The given composite function is:

$$\begin{gathered} f\left(x\right)=4-3x \\ g\left(x\right)=\frac{1}{3}(4-x) \end{gathered}$$

When we are given two functions f and g, the composite function which is denoted by $f\circ g$is defined by $(f\circ g)\left(x\right)=f\left(g\right(x\left)\right)$.

$(f\circ g)\left(x\right)=f\left(g\right(x\left)\right)$

Now substitute $g\left(x\right)=\frac{1}{3}(4-x)$ in the function $f\left(g\right(x\left)\right)$,

Then the function will become $f\left(\frac{1}{3}\right(4-x\left)\right)$.

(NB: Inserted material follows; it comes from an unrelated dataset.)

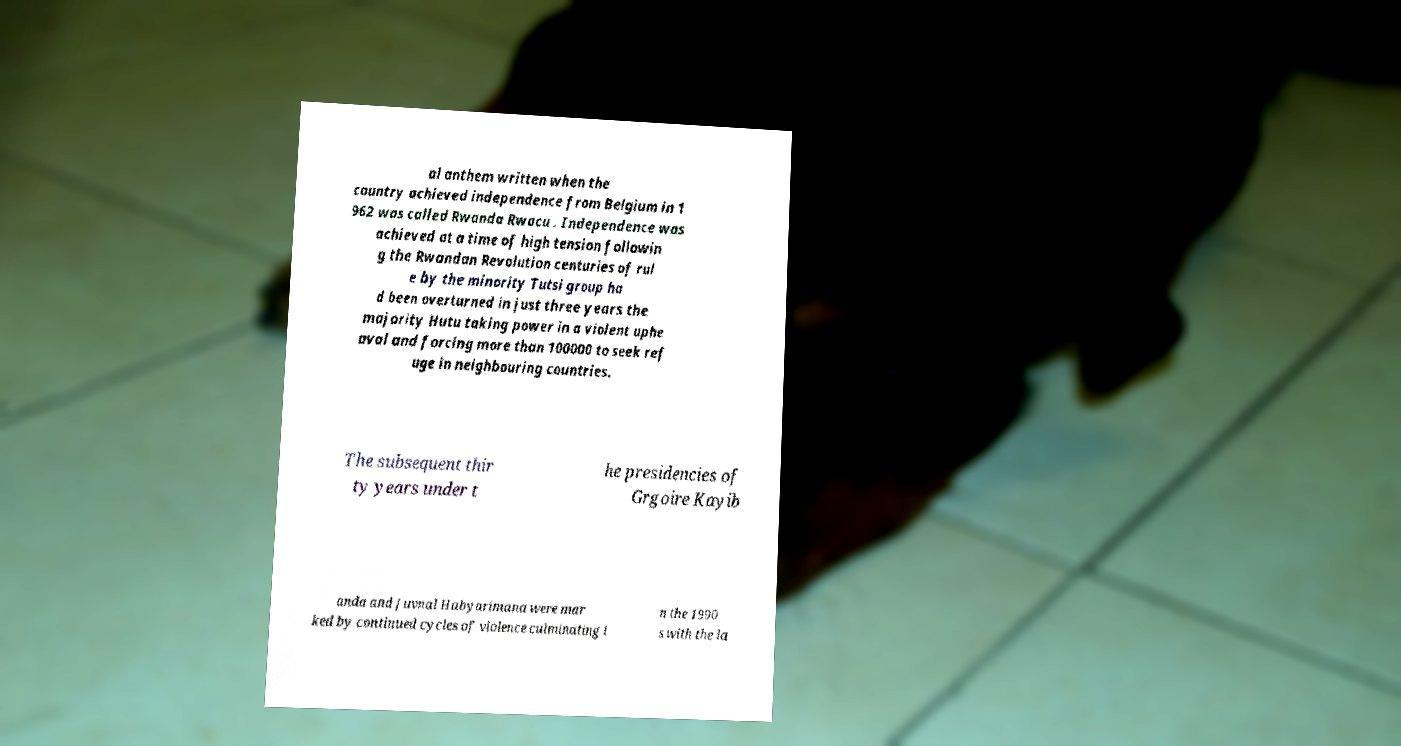Can you accurately transcribe the text from the provided image for me? al anthem written when the country achieved independence from Belgium in 1 962 was called Rwanda Rwacu . Independence was achieved at a time of high tension followin g the Rwandan Revolution centuries of rul e by the minority Tutsi group ha d been overturned in just three years the majority Hutu taking power in a violent uphe aval and forcing more than 100000 to seek ref uge in neighbouring countries. The subsequent thir ty years under t he presidencies of Grgoire Kayib anda and Juvnal Habyarimana were mar ked by continued cycles of violence culminating i n the 1990 s with the la

$$\begin{gathered} f\left(\frac{1}{3}\right(4-x\left)\right)=4-3\left(\frac{1}{3}\right(4-x\left)\right) \\ =4-3\left(\frac{4-x}{3}\right) \\ =4-4+x \\ =x \end{gathered}$$

Therefore,$(f\circ g)\left(x\right)=x$.

$(g\circ f)\left(x\right)=g\left(f\right(x\left)\right)$

Substitute $f\left(x\right)=4-3x$ in the function $g\left(f\right(x\left)\right)$,

$$\begin{gathered} (g\circ f)\left(x\right)=g\left(f\right(x\left)\right) \\ =g(4-3x) \\ =\frac{1}{3}(4-(4-3x\left)\right) \\ =\frac{1}{3}(4-4+3x) \\ =x \end{gathered}$$

Therefore, $(g\circ f)\left(x\right)=x$.

It is shown that $(f\circ g)\left(x\right)=(g\circ f)\left(x\right)=x$.